Oh, some bleeding hearts had protested at first. But they were soon silenced. Mark was lucky. His parents had lived close to the upper level, and he had inherited their apartment. Natural light filtered down the shafts to light the hallways. Below him, the lower levels were lit by compact fluorescents.
There had been rumors of an explosion in one of the lowest levels. Mercury had leaked out, an entire tunnel blocked off to prevent contamination. There had been whisperings of deformities. . . . Had the people died of poisoning, affixation, starvation, or thirst? Had they resorted to cannibalism? Were they still alive, some mutant race, cut off by walls of stone and soil? No one knew. No one would ever know. No one wanted to. There had been talk for a while that some of the gases were leaking out. That vapors were even now swirling through the tunnels, causing fevers, hallucinations or worse.
Mark was lucky. He knew that. He had been brought up on the daylight schedule. He had not been switched to night until his junior year in high school. It had seemed fun at first.

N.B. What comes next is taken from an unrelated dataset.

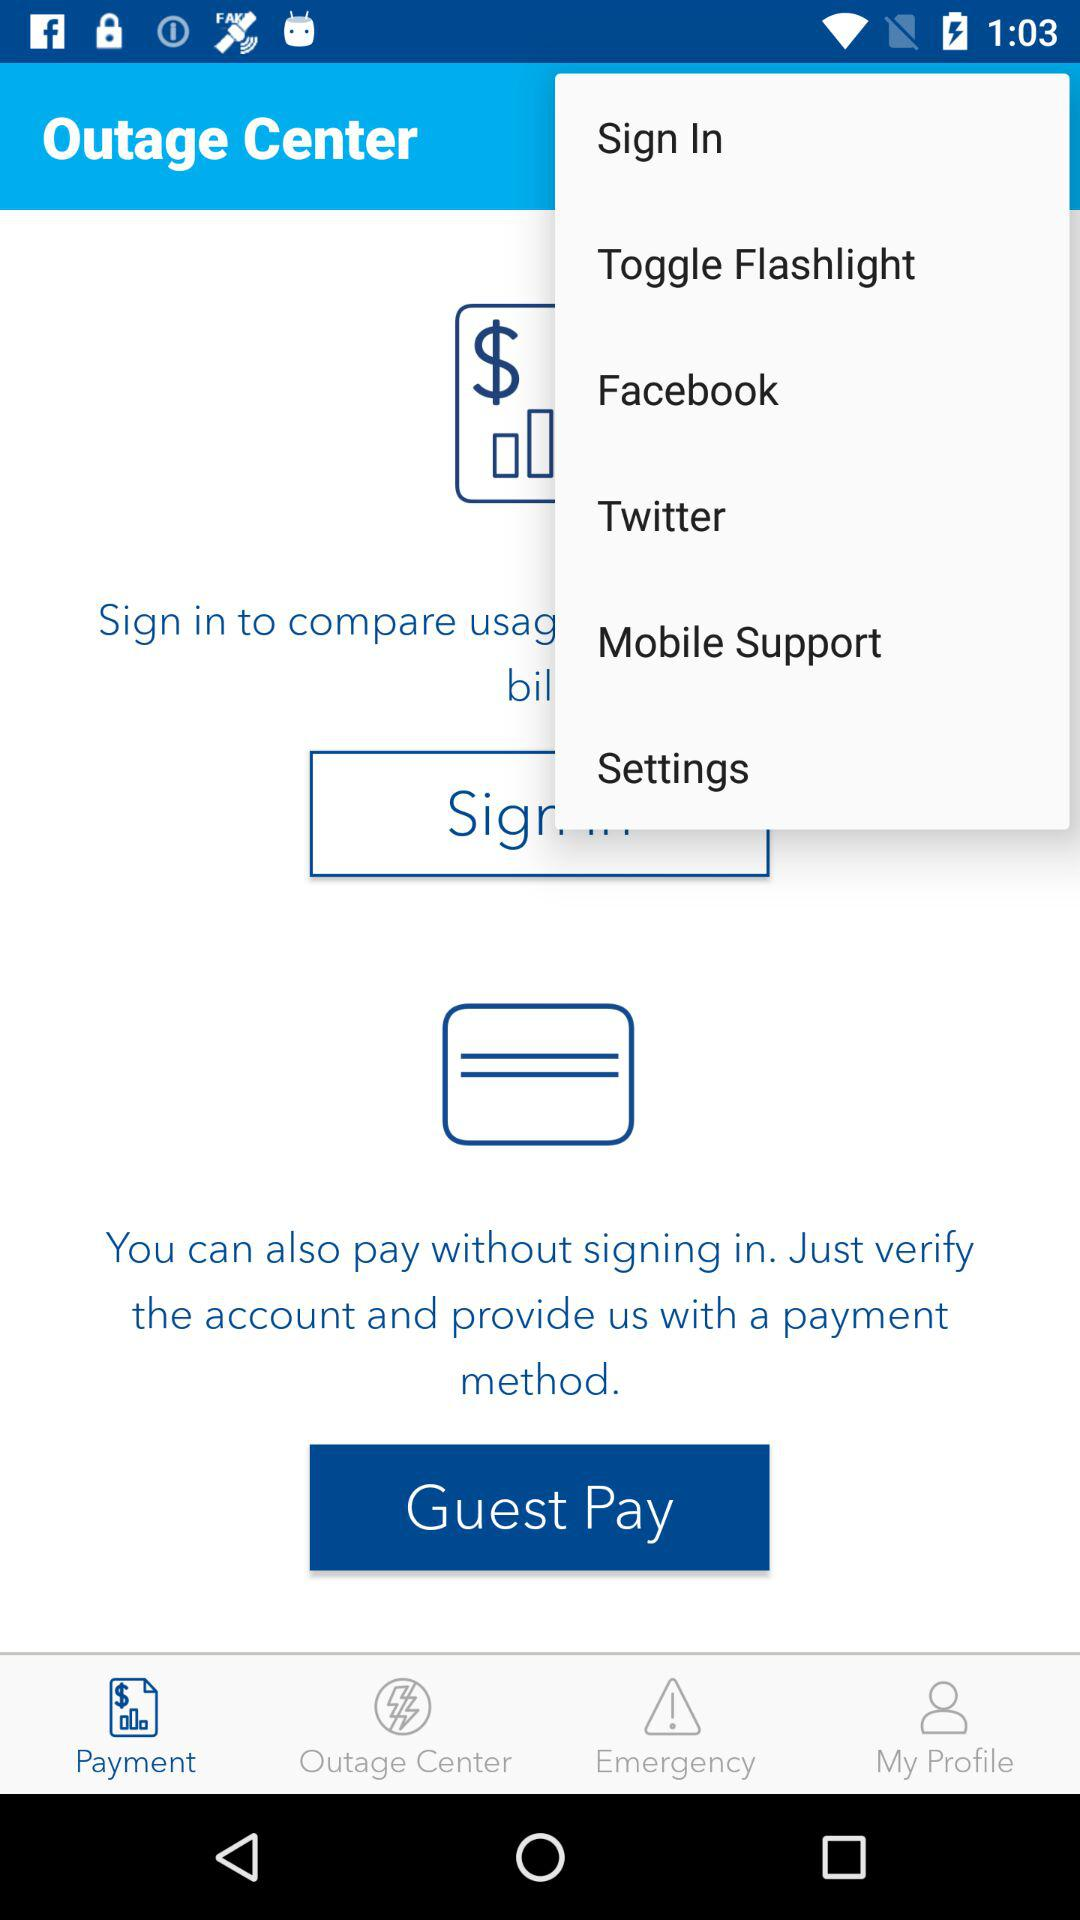Which tab at the bottom of the page is now active? The active tab is "Payment".

An adventure, being up past bedtime on a school night. . . . But soon, he grew tired. He had been tired ever since.
Jennifer had grown up switching schedules. Mark first met her in high school on the night schedule. She had been delicate and pale, like some basement plant. She had been tired, even then, even when she was beautiful and young, before her eyes were circled by purple bruises, before she was too fatigued to laugh, or to feel pain.
Mark opened his door into the tunnel. Jay stumbled in front, Mark pulled Francis behind. Jay was first. A door opened into the subway, Jay entered. It closed with a sharp inhale of air sucking Jay down the tunnel. Francis was next. Mark had to bodily lift the little boy into the train. A teacher grabbed him . . . he was gone.

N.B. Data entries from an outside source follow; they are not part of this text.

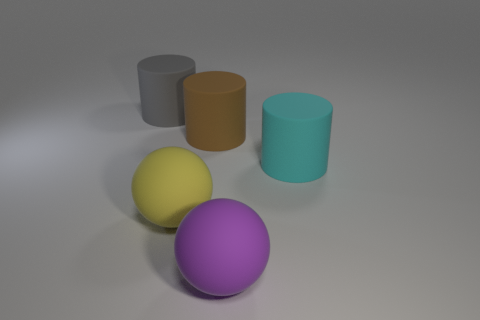Add 4 cylinders. How many objects exist? 9 Subtract all spheres. How many objects are left? 3 Add 1 yellow matte cubes. How many yellow matte cubes exist? 1 Subtract 0 blue cylinders. How many objects are left? 5 Subtract all brown objects. Subtract all big brown cylinders. How many objects are left? 3 Add 4 brown cylinders. How many brown cylinders are left? 5 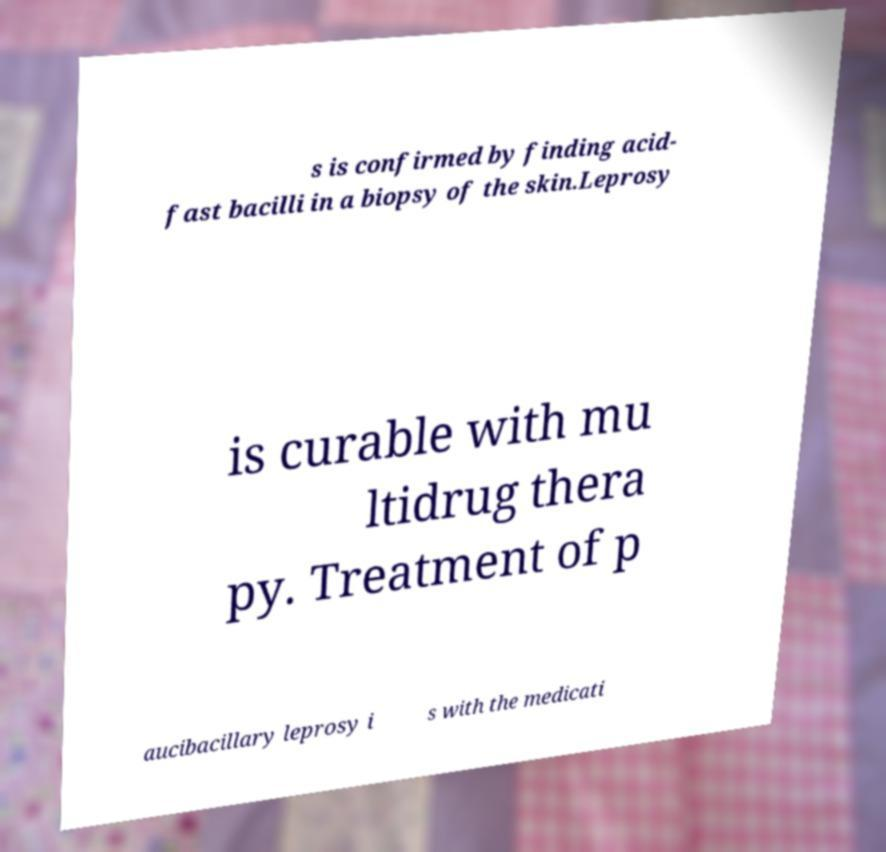For documentation purposes, I need the text within this image transcribed. Could you provide that? s is confirmed by finding acid- fast bacilli in a biopsy of the skin.Leprosy is curable with mu ltidrug thera py. Treatment of p aucibacillary leprosy i s with the medicati 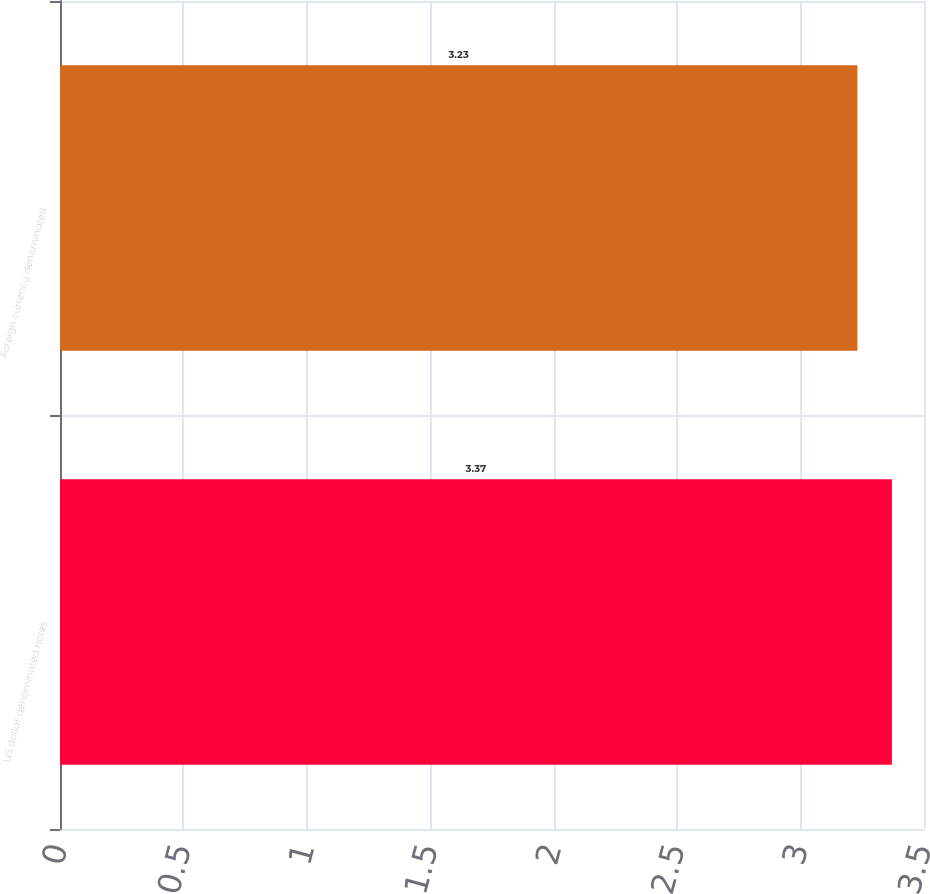<chart> <loc_0><loc_0><loc_500><loc_500><bar_chart><fcel>US dollar denominated notes<fcel>Foreign currency denominated<nl><fcel>3.37<fcel>3.23<nl></chart> 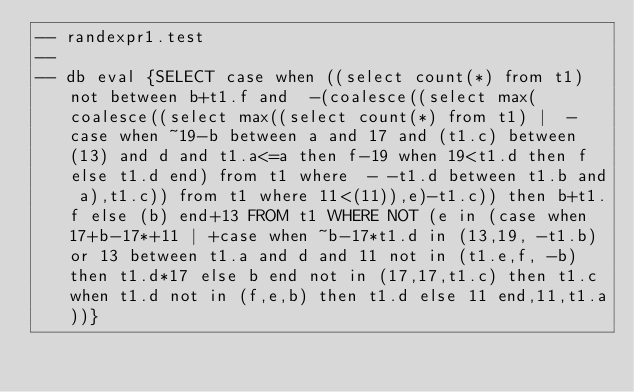Convert code to text. <code><loc_0><loc_0><loc_500><loc_500><_SQL_>-- randexpr1.test
-- 
-- db eval {SELECT case when ((select count(*) from t1) not between b+t1.f and  -(coalesce((select max(coalesce((select max((select count(*) from t1) |  -case when ~19-b between a and 17 and (t1.c) between (13) and d and t1.a<=a then f-19 when 19<t1.d then f else t1.d end) from t1 where  - -t1.d between t1.b and a),t1.c)) from t1 where 11<(11)),e)-t1.c)) then b+t1.f else (b) end+13 FROM t1 WHERE NOT (e in (case when 17+b-17*+11 | +case when ~b-17*t1.d in (13,19, -t1.b) or 13 between t1.a and d and 11 not in (t1.e,f, -b) then t1.d*17 else b end not in (17,17,t1.c) then t1.c when t1.d not in (f,e,b) then t1.d else 11 end,11,t1.a))}</code> 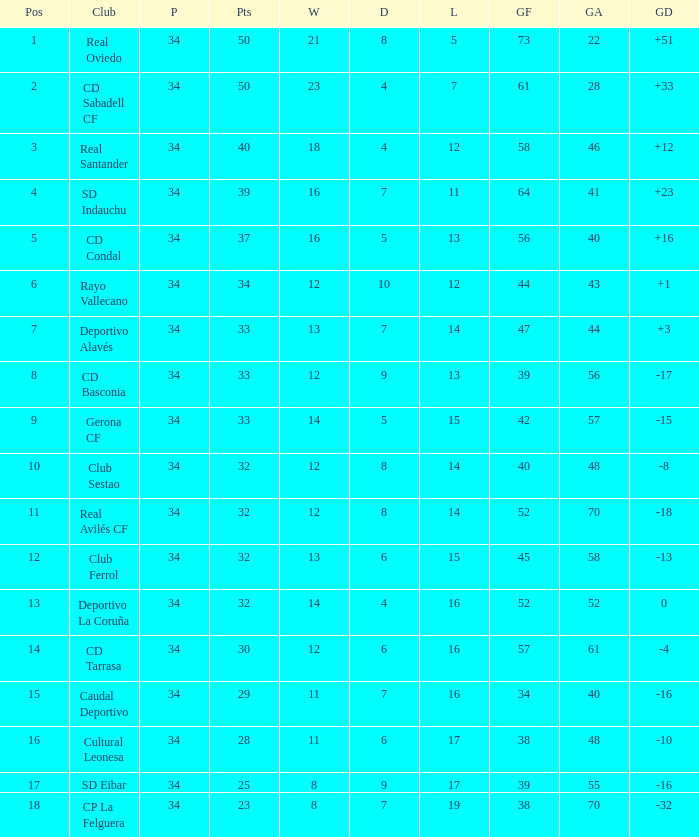Which played has draws below 7, and goals for below 61, and goals against below 48, and a position of 5? 34.0. 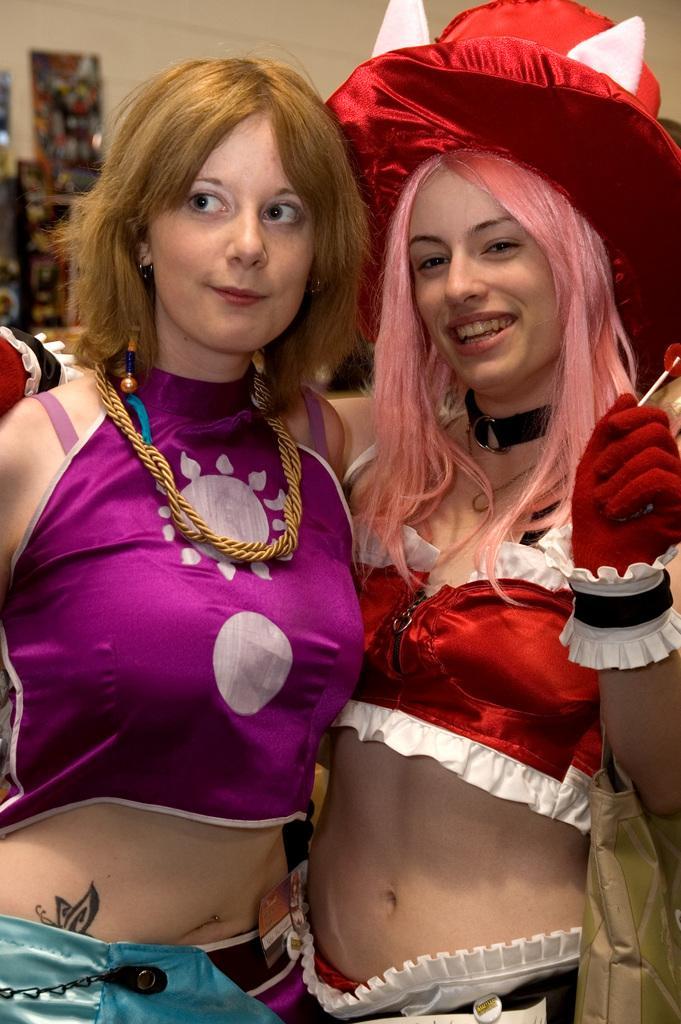Please provide a concise description of this image. In this image, we can see people wearing costumes and one of them is holding an object and wearing a bag. In the background, there is a wall and we can see some boards.

Mark looked after him, worried. There had been a rash of disappearances lately in the tunnels. People fell, or jumped or perhaps were pushed onto the hot, clattering subway tracks. Maybe it was the gases, invisibly altering perceptions and balance? Maybe it was the constant half-light causing madness? No one talked about it.
It shouldn’t be like this, he thought. It shouldn’t be like this . . . the idea grew huge in his mind. Giant. Big as the glowing subway banners he saw on the trains every day and night, big as the tiredness in his wife’s eyes, big as the sky he would never see. Somewhere inside his internal stream a seed implanted, a birth sprouted — bursting into fruition in obscurity.
In the darkness before him, lit by the green luminescent of his hair, a bicycle teetered, balancing incongruously on a tiny front wheel and a mammoth back one. He swung his leg over it, feeling the wind on his face, feeling the breeze caressing his hair. He laughed, raising his arms high above him, pedaling air toward the welcoming train.